Owens Corning (NYSE: OC) develops, manufactures and markets insulation, roofing and fiberglass composites. Global in scope and human in scale, the company’s market-leading businesses use their deep expertise in materials, manufacturing and building science to develop products and systems that save energy and improve comfort in commercial and residential buildings. Through its glass reinforcements business, the company makes thousands of products lighter, stronger and more durable. Ultimately, Owens Corning people and products make the world a better place. Based in Toledo, Ohio, Owens Corning posted 2016 sales of $5.7 billion and employs 17,000 people in 33 countries. It has been a Fortune 500® company for 63 consecutive years. For more information, please visit www.owenscorning.com.

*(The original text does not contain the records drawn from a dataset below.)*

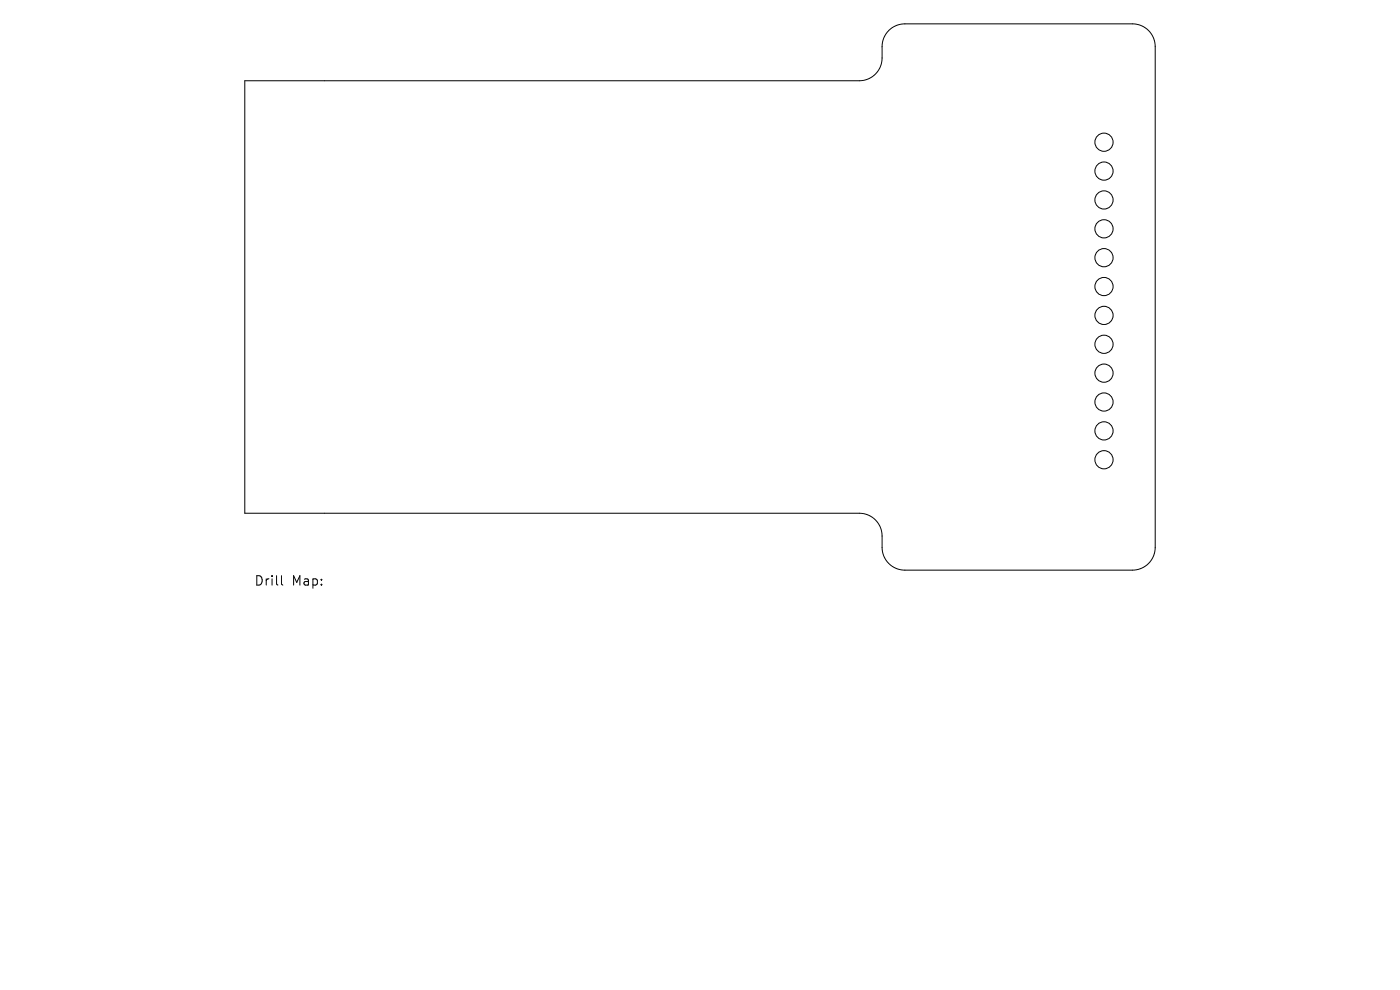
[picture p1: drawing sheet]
<svg xmlns="http://www.w3.org/2000/svg" width="297mm" height="210mm" viewBox="0 0 297 210" stroke-linecap="round" stroke-linejoin="round" font-family="sans-serif">
<defs><g id="words">
<g font-size="2.8">
<text x="53.9" y="124.5">Drill</text>
<text x="61.9" y="124.5">Map:</text>
</g>
</g></defs>
<g fill="none" stroke="#000" stroke-width=".21">
<path d="M51.9 17.1h130.4a4.8 4.8 0 0 0 4.8-4.8v-2.4a4.8 4.8 0 0 1 4.9-4.8h48.2a4.8 4.8 0 0 1 4.9 4.8v106.2a4.8 4.8 0 0 1-4.9 4.8h-48.2a4.8 4.8 0 0 1-4.9-4.8v-2.4a4.8 4.8 0 0 0-4.8-4.8h-130.4zM59.7 122.1v1.7l.3 .3"/>
<circle cx="234.2" cy="30.2" r="1.93"/>
<circle cx="234.2" cy="36.3" r="1.93"/>
<circle cx="234.2" cy="54.7" r="1.93"/>
<circle cx="234.2" cy="48.5" r="1.93"/>
<circle cx="234.2" cy="42.4" r="1.93"/>
<circle cx="234.2" cy="73" r="1.93"/>
<circle cx="234.2" cy="79.2" r="1.93"/>
<circle cx="234.2" cy="60.8" r="1.93"/>
<circle cx="234.2" cy="66.9" r="1.93"/>
<circle cx="234.2" cy="97.5" r="1.93"/>
<circle cx="234.2" cy="91.4" r="1.93"/>
<circle cx="234.2" cy="85.3" r="1.93"/>
</g>
<use href="#words"/>
</svg>

This news release contains forward-looking statements within the meaning of Section 27A of the Securities Act of 1933 and Section 21E of the Securities Exchange Act of 1934. These forward-looking statements are subject to risks, uncertainties and other factors and actual results may differ materially from those results projected in the statements. These risks, uncertainties and other factors include, without limitation: our ability to successfully integrate Pittsburgh Corning Corporation and Pittsburgh Corning Europe NV; relationships with key customers; levels of residential and commercial construction activity; competitive and pricing factors; levels of global industrial production; demand for our products; industry and economic conditions that affect the market and operating conditions of our customers, suppliers or lenders; domestic and international economic and political conditions, including new legislation, policies or other governmental actions by the U.S. presidential administration and Congress; foreign exchange and commodity price fluctuations; our level of indebtedness; weather conditions; availability and cost of credit; availability and cost of energy and raw materials; issues involving implementation and protection of information technology systems; labor disputes; legal and regulatory proceedings, including litigation and environmental actions; our ability to utilize our net operating loss carryforwards; research and development activities and intellectual property protection; interest rate movements; uninsured losses; issues related to acquisitions, divestitures and joint ventures; achievement of expected synergies, cost reductions and/or productivity improvements; defined benefit plan funding obligations; price volatility in certain wind energy markets in the U.S. and factors detailed from time to time in the company’s Securities and Exchange Commission filings. The information in this news release speaks as of July 6, 2017, and is subject to change. The company does not undertake any duty to update or revise forward-looking statements except as required by federal securities laws. Any distribution of this news release after that date is not intended and should not be construed as updating or confirming such information.